Why America's Health Care System is Broken
A System Designed for Fear and Profit
America's health care system is in trouble. It's not because it's failing, but because it's working exactly how it was designed. It's a system built on fear and profit, not health and well-being.
- The government is shut down.
- Health care costs are skyrocketing.
- People can't afford their premiums.
- The system is collapsing under its own weight.
The Government Shutdown and Health Care
The government shutdown is about more than just spending caps. It's about health care. The same programs that millions of Americans rely on are being used as bargaining chips.
- Republicans say it's a waste of money.
- Democrats defend it, but only half-heartedly.
- Ordinary Americans are left wondering if they'll still have coverage when the dust settles.
The Trillion-Dollar Health Care Industry
The health care industry is a trillion-dollar machine. It feeds on our:
- Fear of illness
- Debt
- Being uninsured
The five largest insurers made over $60 billion in profit last year. They also spent hundreds of millions lobbying Congress to keep the system just broken enough to be lucrative.
The Paralyzed Government and Economy
- The government is paralyzed by politics.
- The health care system is paralyzed by economics.
Both are losing the faith and participation of citizens.
- When people stop voting, democracy breaks down.
- When people can't pay for health care, capitalism breaks down.
Both are warning signs that the balance between people and power has been lost.
The Democratic Crisis
The health care crisis is a reflection of the democratic crisis. In both arenas, power has shifted away from citizens toward institutions that no longer answer to them.

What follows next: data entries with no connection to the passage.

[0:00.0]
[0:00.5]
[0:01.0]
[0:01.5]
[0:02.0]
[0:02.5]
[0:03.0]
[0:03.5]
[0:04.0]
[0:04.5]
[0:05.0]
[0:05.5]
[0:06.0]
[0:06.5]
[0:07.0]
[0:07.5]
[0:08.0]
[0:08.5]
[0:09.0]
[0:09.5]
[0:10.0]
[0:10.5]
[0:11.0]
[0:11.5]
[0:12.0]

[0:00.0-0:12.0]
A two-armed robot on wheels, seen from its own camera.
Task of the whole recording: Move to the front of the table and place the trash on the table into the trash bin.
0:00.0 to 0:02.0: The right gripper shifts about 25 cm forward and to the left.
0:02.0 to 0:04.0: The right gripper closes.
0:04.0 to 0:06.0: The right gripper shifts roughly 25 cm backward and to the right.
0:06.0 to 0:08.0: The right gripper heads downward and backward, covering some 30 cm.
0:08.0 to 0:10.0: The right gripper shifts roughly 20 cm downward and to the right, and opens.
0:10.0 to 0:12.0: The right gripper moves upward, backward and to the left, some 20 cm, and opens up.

- Lobbyists have replaced voters as the audience that matters.
A disengaged electorate becomes a captive market.
- When people give up on politics, government serves donors.

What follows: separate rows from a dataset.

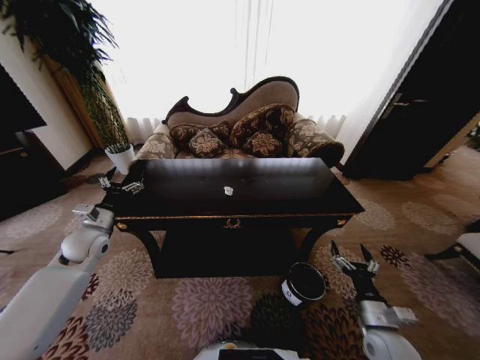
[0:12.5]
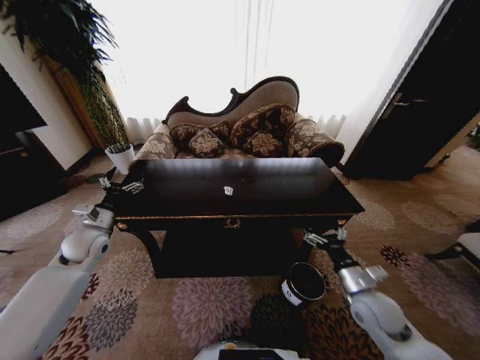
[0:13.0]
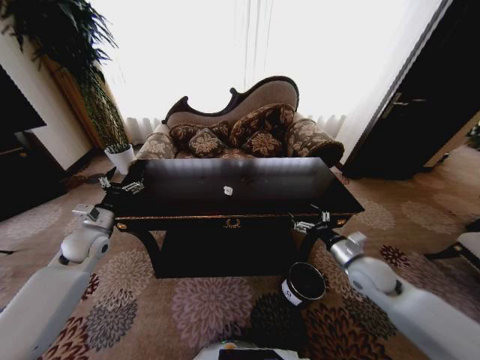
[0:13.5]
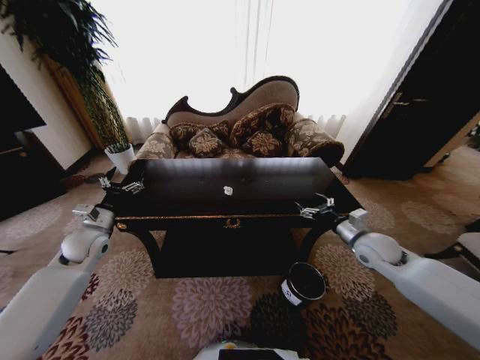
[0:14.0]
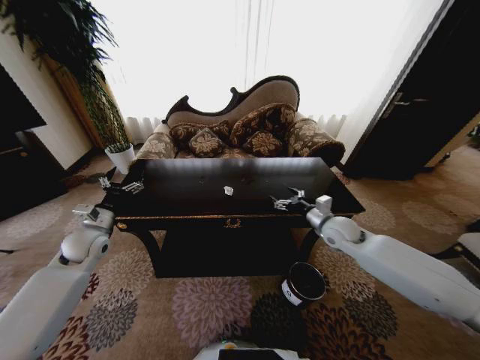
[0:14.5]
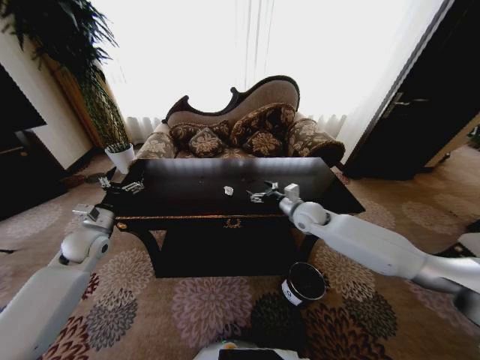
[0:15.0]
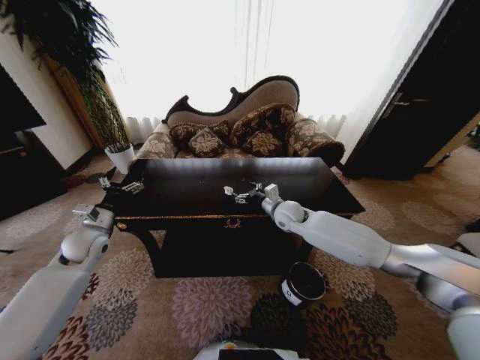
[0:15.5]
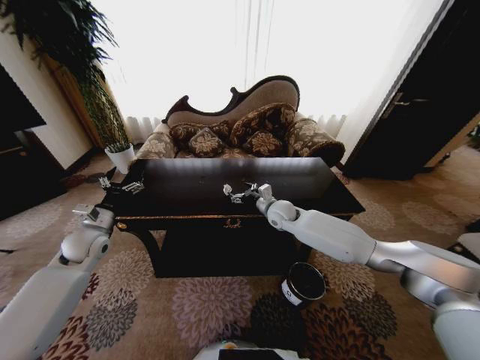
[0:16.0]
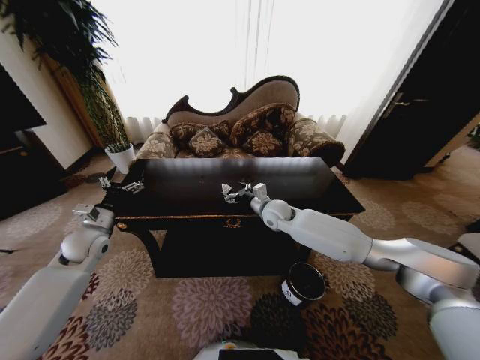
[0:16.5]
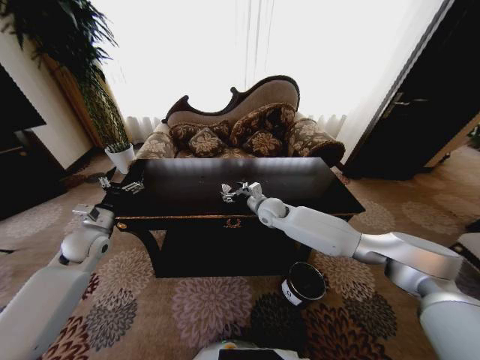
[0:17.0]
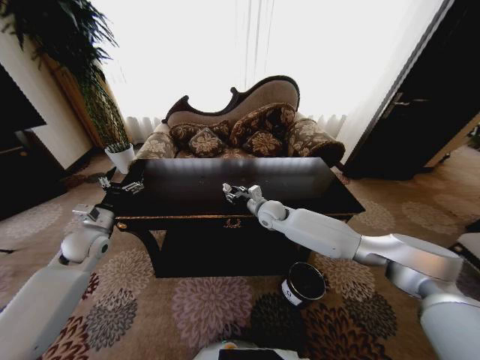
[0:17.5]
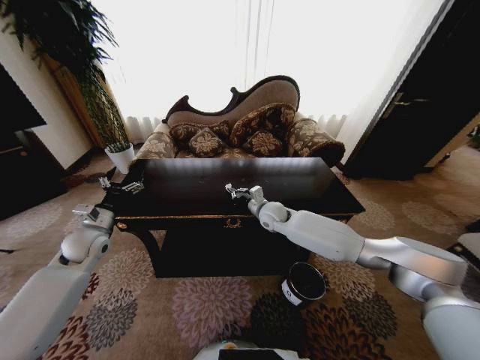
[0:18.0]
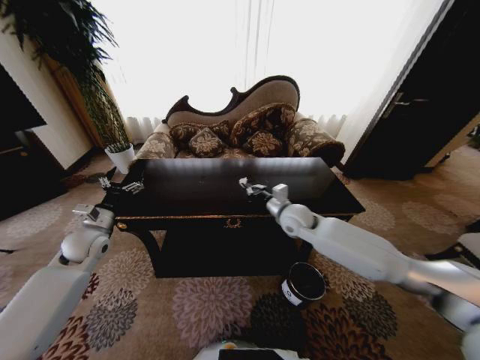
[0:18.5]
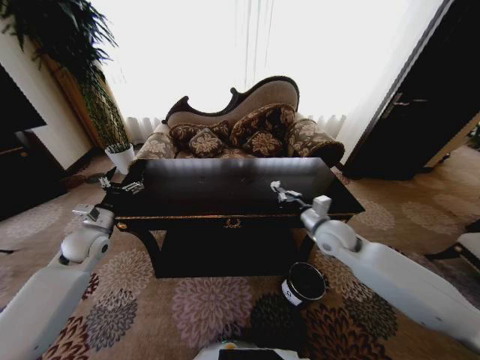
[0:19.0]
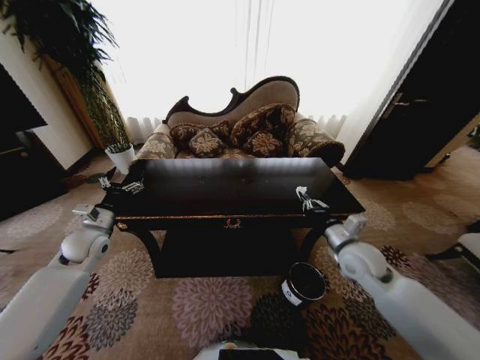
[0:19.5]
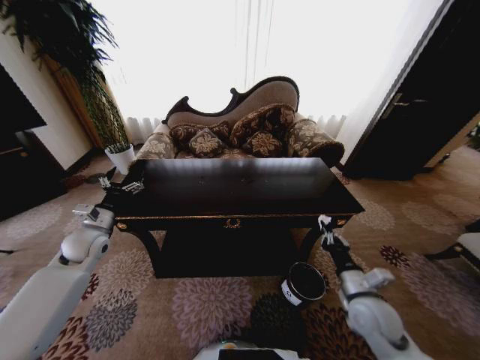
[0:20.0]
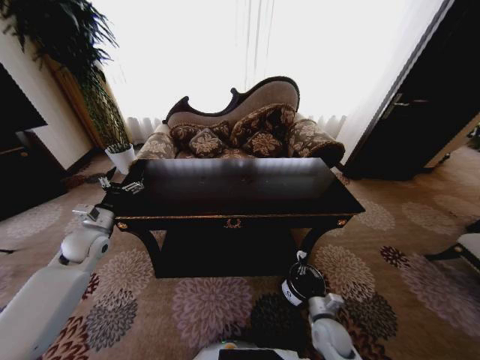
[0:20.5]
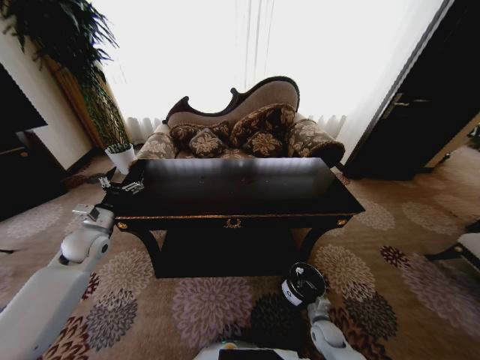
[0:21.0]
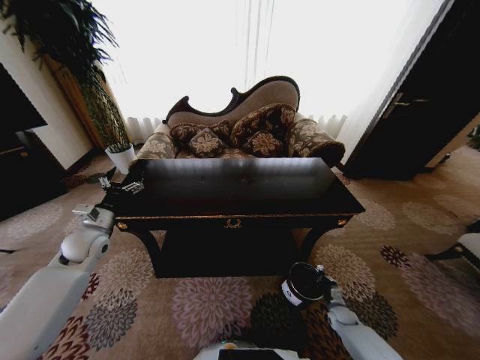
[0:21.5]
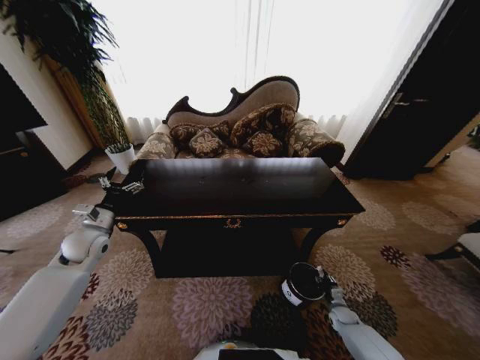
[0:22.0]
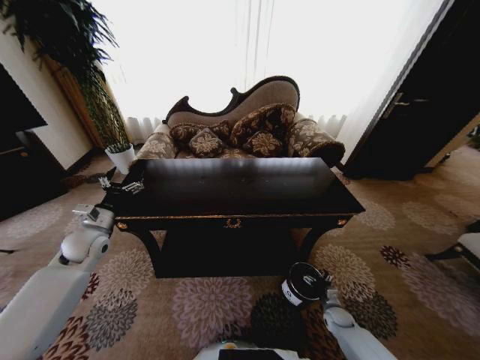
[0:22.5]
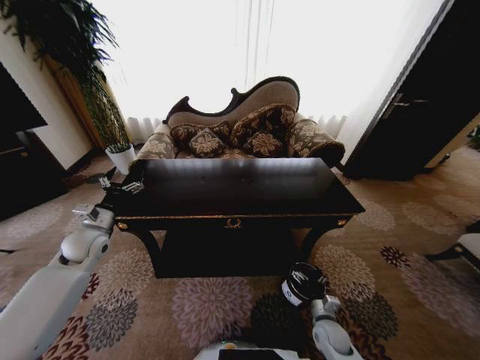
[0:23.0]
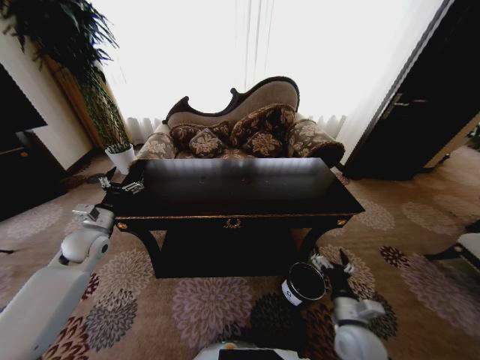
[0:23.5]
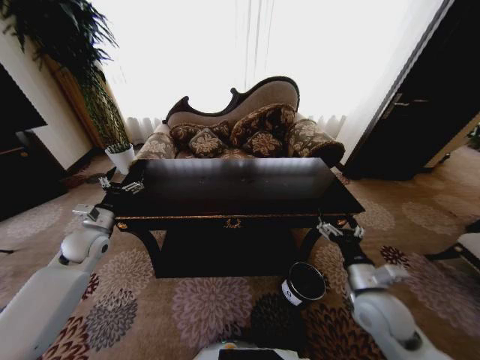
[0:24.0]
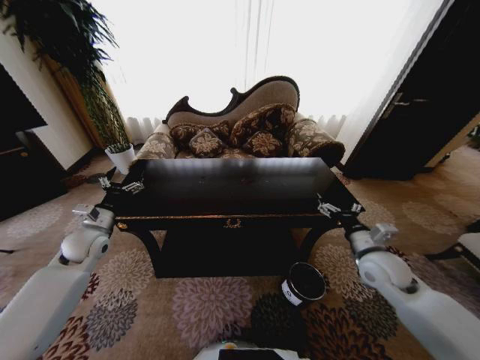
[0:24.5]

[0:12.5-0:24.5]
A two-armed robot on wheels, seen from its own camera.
Task of the whole recording: Move to the front of the table and place the trash on the table into the trash bin.
0:12.5 to 0:14.5: The right gripper travels forward and upward by about 30 cm.
0:14.5 to 0:16.5: The right gripper goes some 20 cm to the left and forward.
0:16.5 to 0:18.5: The right gripper ends up about 5 cm from where it was, and closes its fingers.
0:18.5 to 0:20.5: The right gripper heads downward and backward, covering about 35 cm.
0:20.5 to 0:22.5: The right gripper shifts roughly 20 cm downward, to the right and forward, and opens its fingers.
0:22.5 to 0:24.5: The right gripper travels upward by some 35 cm.

- When they give up on reform, health care serves investors.
A Different Choice
But it doesn't have to be this way. Every other developed democracy has made a different choice. They've decided that health care is a public good, not a private gamble. They've built governments that work for people, not donors. We could do the same. We have the resources. What we lack is courage.
The Need for Leadership and Citizen Engagement
We need:
- Leadership that's willing to reconnect capitalism and democracy to the people they're meant to serve.
- Citizens who are willing to show up, to vote, to speak, to hold their representatives accountable.
- People who refuse to fund systems that exploit them.